Identification of GALNT14 as a novel neuroblastoma predisposition gene

Abstract

Although several genes have been associated to neuroblastoma (NB) predisposition and aggressiveness, further genes are likely involved in the overall risk of developing this pediatric cancer. We thus carried out whole-exome sequencing on germline DNA from two affected second cousins and two unlinked healthy relatives from a large family with hereditary NB. Bioinformatics analysis revealed 6999 variations that were exclusively shared by the two familial NB cases. We then considered for further analysis all unknown or rare missense mutations, which involved 30 genes. Validation and analysis of these variants led to identify a GALNT14 mutation (c.802C > T) that properly segregated in the family and was predicted as functionally damaging by PolyPhen2 and SIFT. Screening of 8 additional NB families and 167 sporadic cases revealed this GALNT14 mutation in the tumors of two twins and in the germline of one sporadic NB patient. Moreover, a significant association between MYCN amplification and GALNT14 expression was observed in both NB patients and cell lines. Also, GALNT14 higher expression is associated with a worse OS in a public dataset of 88 NB samples (http://r2.amc.nl). GALNT14 is a member of the polypeptide N-acetylgalactosaminyl-transferase family and maps closely to ALK on 2p23.1, a region we previously discovered in linkage with NB in the family here considered. The aberrant function of GALNTs can result in altered glycoproteins that have been associated to the promotion of tumor aggressiveness in various cancers. Although rare, the recurrence of this mutation suggests GALNT14 as a novel gene potentially involved in NB predisposition.

Keywords: GALNT14; O-glycosylation; exome-sequencing; genetic predisposition; neuroblastoma.

Figure 1. Pipeline schematic

(A) conceptual workflow; (B) tools used in the present study.

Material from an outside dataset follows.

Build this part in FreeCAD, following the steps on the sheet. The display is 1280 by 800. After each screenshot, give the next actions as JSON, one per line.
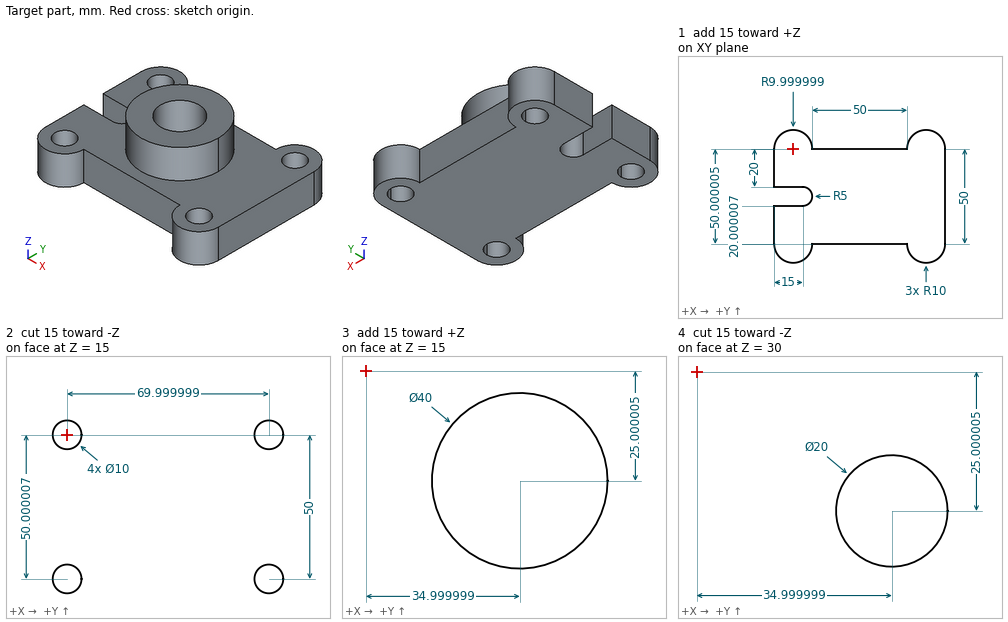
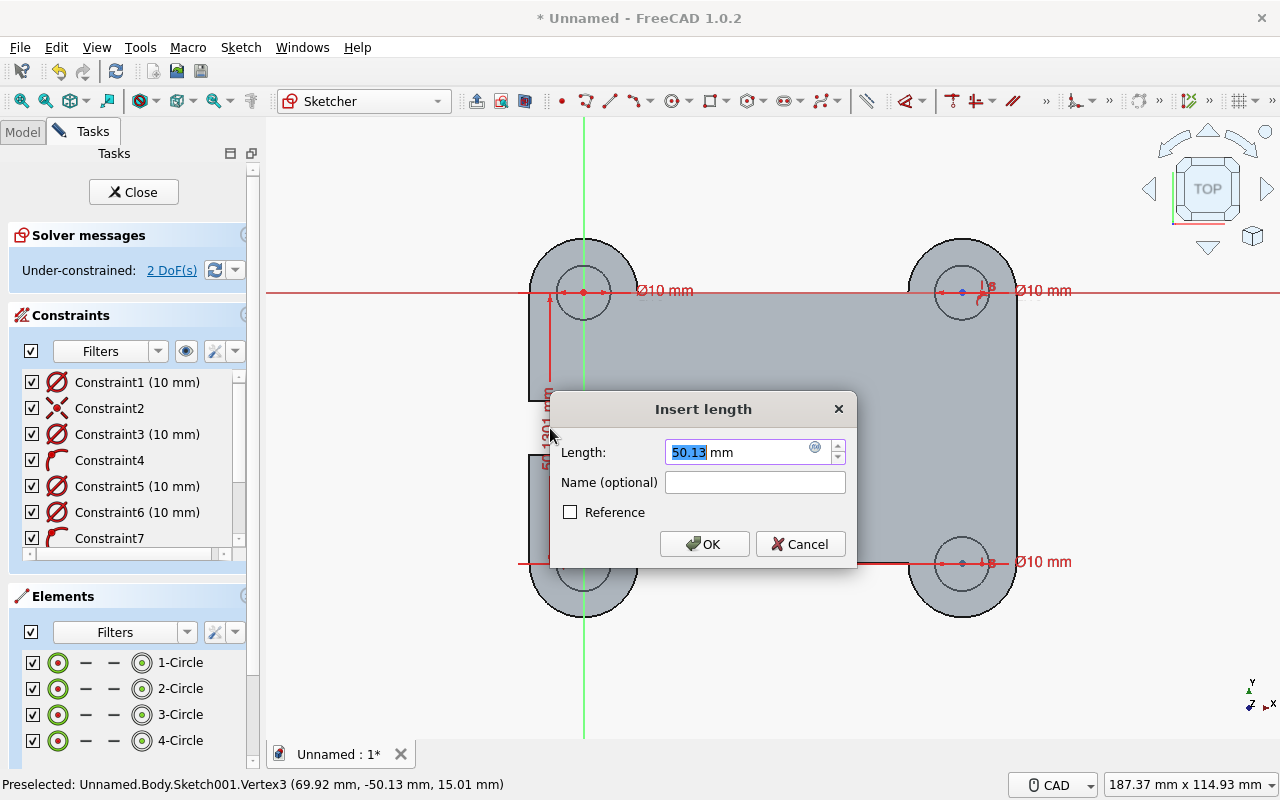
{"action": "type", "text": "50"}
{"action": "key", "text": "Return"}

Figure 2. GALNT14 c.802C > T (R268C) mutation in NB

(A) Pedigree of the NB family considered for mutation screening. All available individuals are coded with an E followed by a number. Family members analyzed by whole-exome sequencing are underlined. Germline segregation of the R268C GALNT14 mutation is reported. (B) Pedigree of the small NB family with two heterozygous twins harboring a somatic R268C GALNT14 mutation. (C) Example of the c.802C > T transition as observed by Sanger sequencing.

Figure 3. GALNT14 maps close to ALK

Representation of the relative distances of MYCN, ALK and GALNT14 on chromosome 2p.

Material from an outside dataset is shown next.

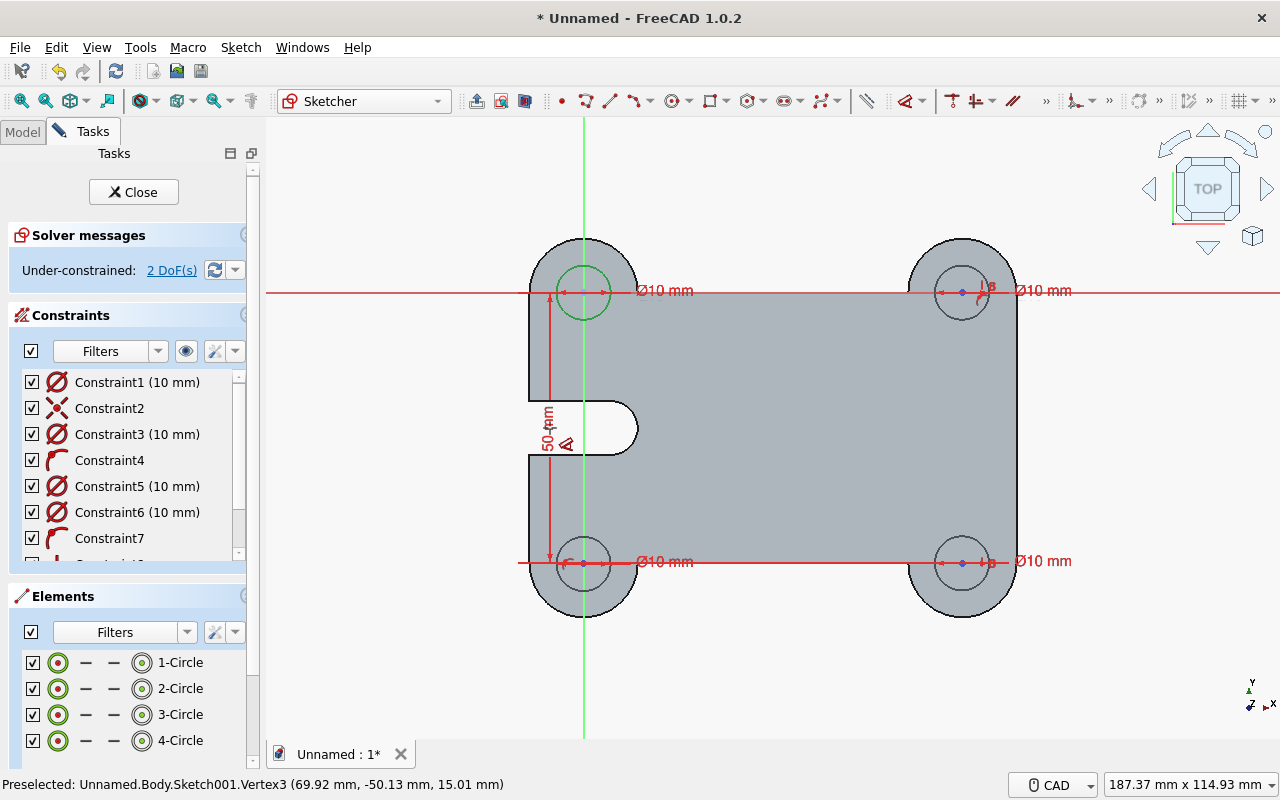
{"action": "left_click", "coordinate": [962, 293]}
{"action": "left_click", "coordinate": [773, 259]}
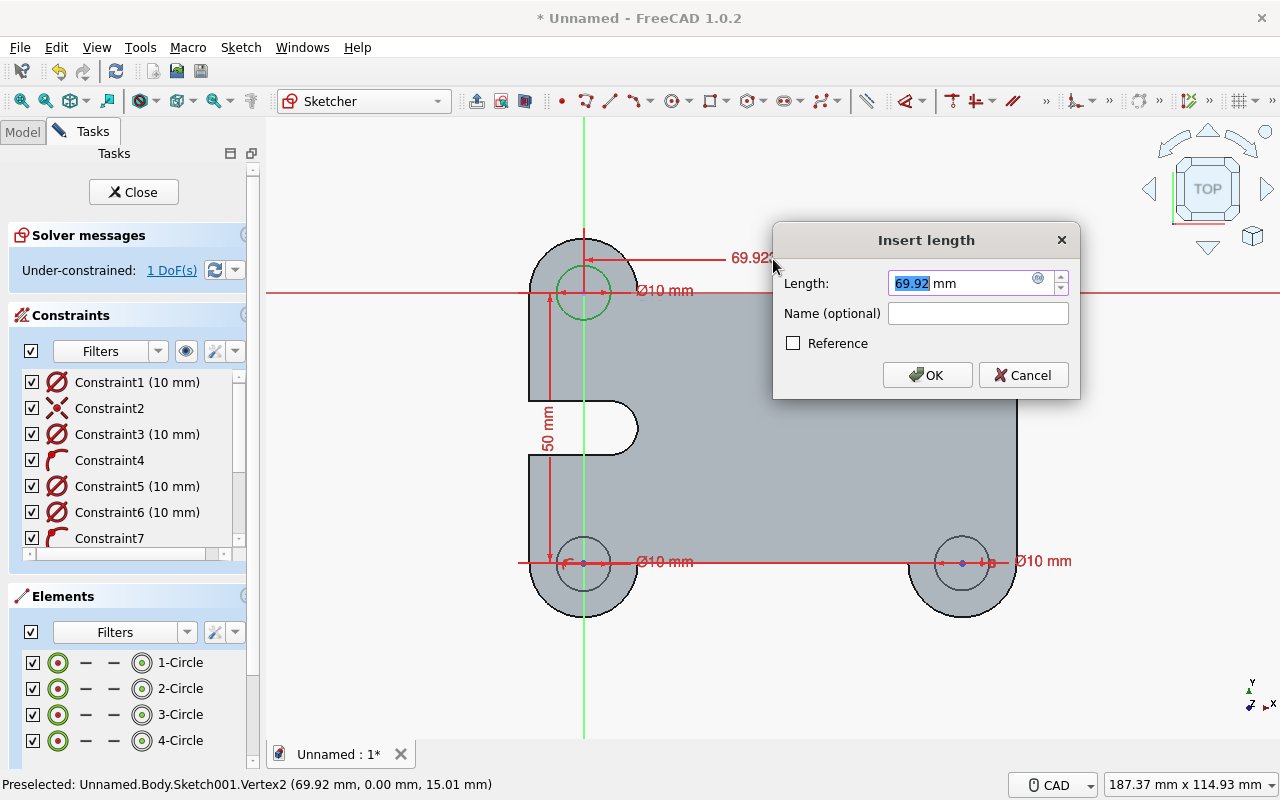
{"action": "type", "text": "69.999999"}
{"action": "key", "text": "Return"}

Figure 4. GALNT14 mRNA expression in NB

Expression of GALNT14 in NB cell lines (A) and in GALNT14 positive NB patients (B) by qPCR. (C) GALNT14 average expression in MYCN amplified vs MYCN single copy NB cell lines. (D) GALNT14 average expression in NB patients with MYCN amplification, gain and MYCN single copy. F is the value of the Fisher exact test between groups. P-values are relative to the statistical difference of GALNT14 expression between MYCN amplified vs MYCN single copy groups and were calculated with the Mann-Whitney and T-Student tests in NB cell lines and patients, respectively. Y axis values are an arbitrary unit relative to the less expressed sample. A: MYCN Amplified; G: MYCN Gain; SC: MYCN Single Copy; n indicates the total number of samples for each group.

Figure 5. GALNT14 impact on NB overall survival

GALNT14 higher expression is a negative prognostic factor for OS either when considering all NB patients (A) or only MYCN not amplified cases (B) GALNT14 is a negative prognostic factor for OS in patients showing relapses or progression of the disease either when considering all NB patients (C) or MYCN not amplified cases (D). The cut off modus for GALNT14 expression to draw Kaplan-Meier curves derives from the scan setting.

Figure 6. GALNT14 impact on localized NB overall survival

GALNT14 higher expression is a negative prognostic factor for OS in NB stages 1-2-3 with no MYCN amplification. The cut off modus for GALNT14 expression to draw Kaplan-Meier curves derives from the scan setting.